• What to do:
Retype the data below exactly; skip every image.

• The data:
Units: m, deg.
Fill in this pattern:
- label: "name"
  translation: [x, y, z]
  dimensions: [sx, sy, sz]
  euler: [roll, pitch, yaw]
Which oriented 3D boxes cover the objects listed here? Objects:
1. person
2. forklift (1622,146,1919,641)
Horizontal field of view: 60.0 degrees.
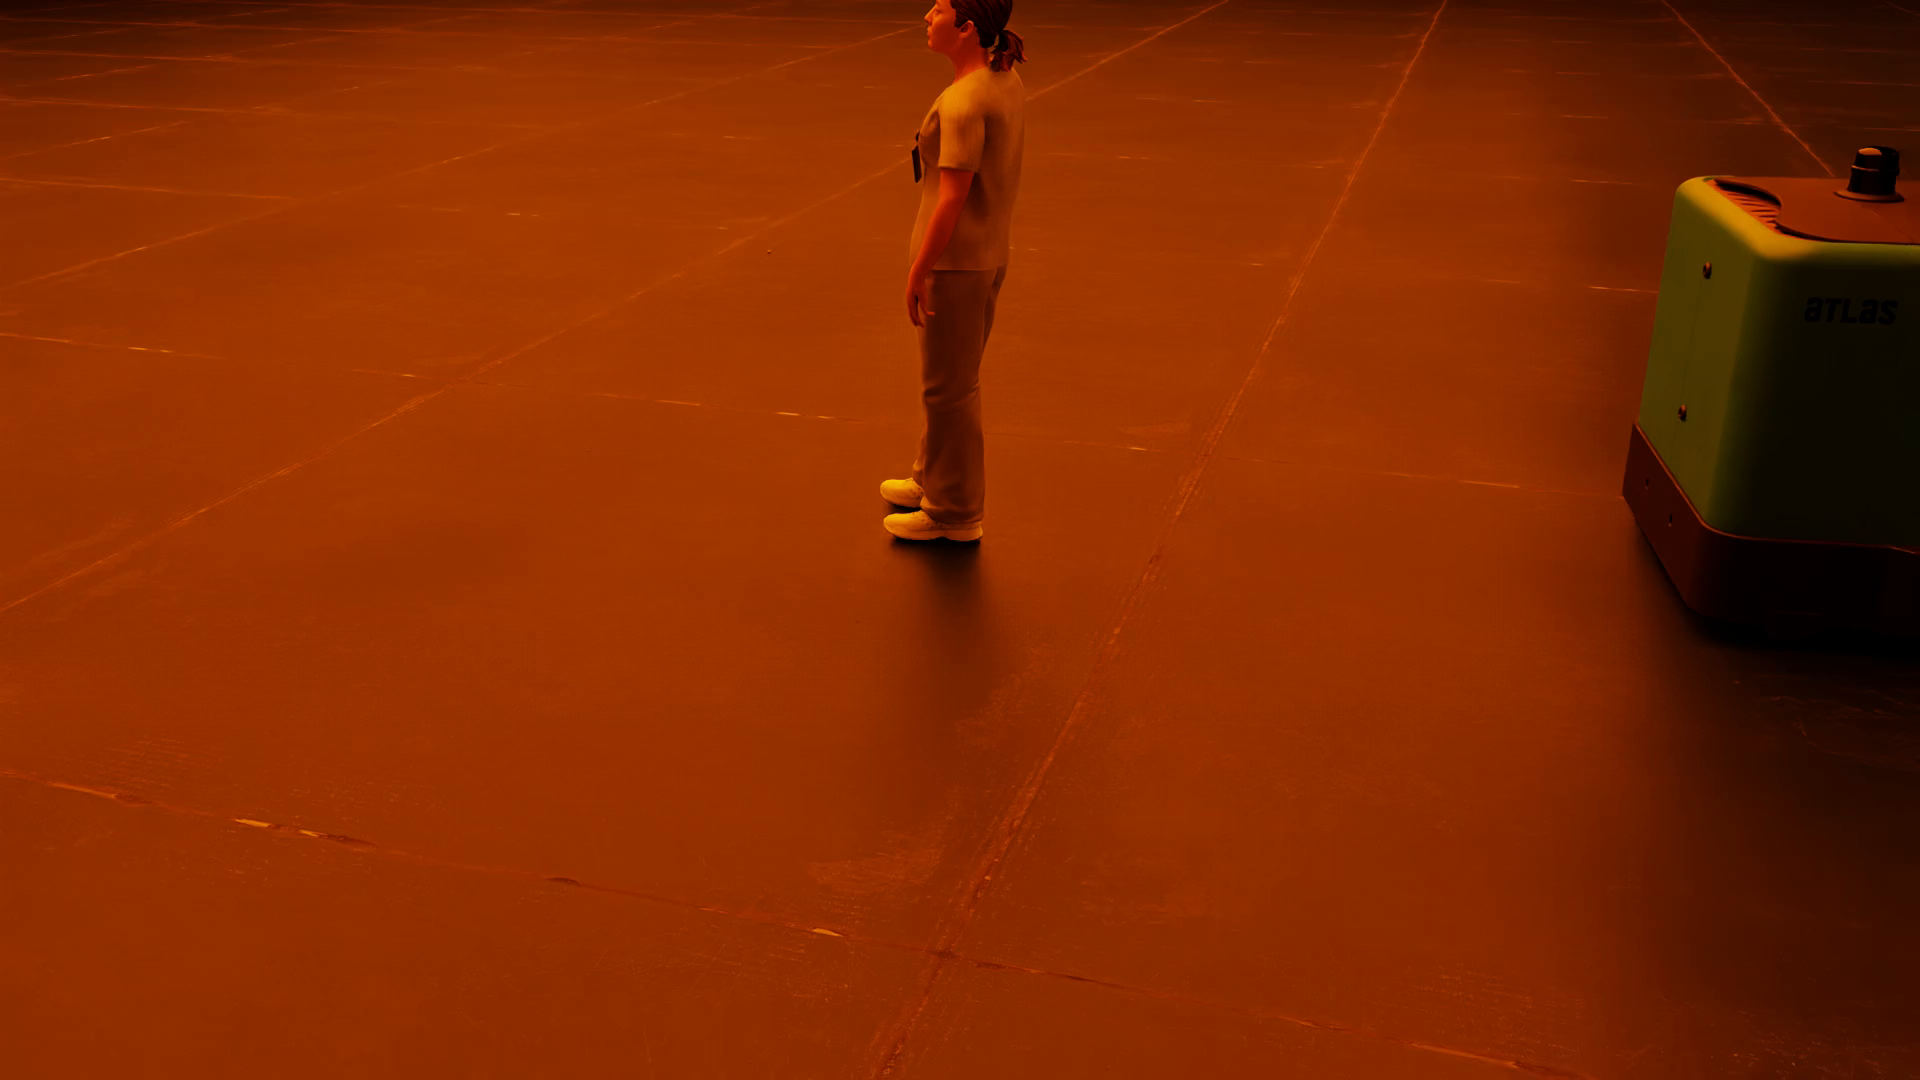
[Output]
- label: "person"
  translation: [-0.076, -0.791, 4.835]
  dimensions: [0.528, 1.665, 0.549]
  euler: [7, 23, 16]
- label: "forklift"
  translation: [3.531, -1.181, 4.140]
  dimensions: [3.031, 2.935, 1.130]
  euler: [4, 23, 8]

• Expected answer:
Units: m, deg.
Fill in this pattern:
- label: "name"
  translation: [x, y, z]
  dimensions: [sx, sy, sz]
  euler: [roll, pitch, yaw]
Which oriented 3D boxes cover the objects listed here? Objects:
1. person
2. forklift (1622,146,1919,641)
Horizontal field of view: 60.0 degrees.
[Output]
- label: "person"
  translation: [-0.076, -0.791, 4.835]
  dimensions: [0.528, 1.665, 0.549]
  euler: [7, 23, 16]
- label: "forklift"
  translation: [3.531, -1.181, 4.140]
  dimensions: [3.031, 2.935, 1.130]
  euler: [4, 23, 8]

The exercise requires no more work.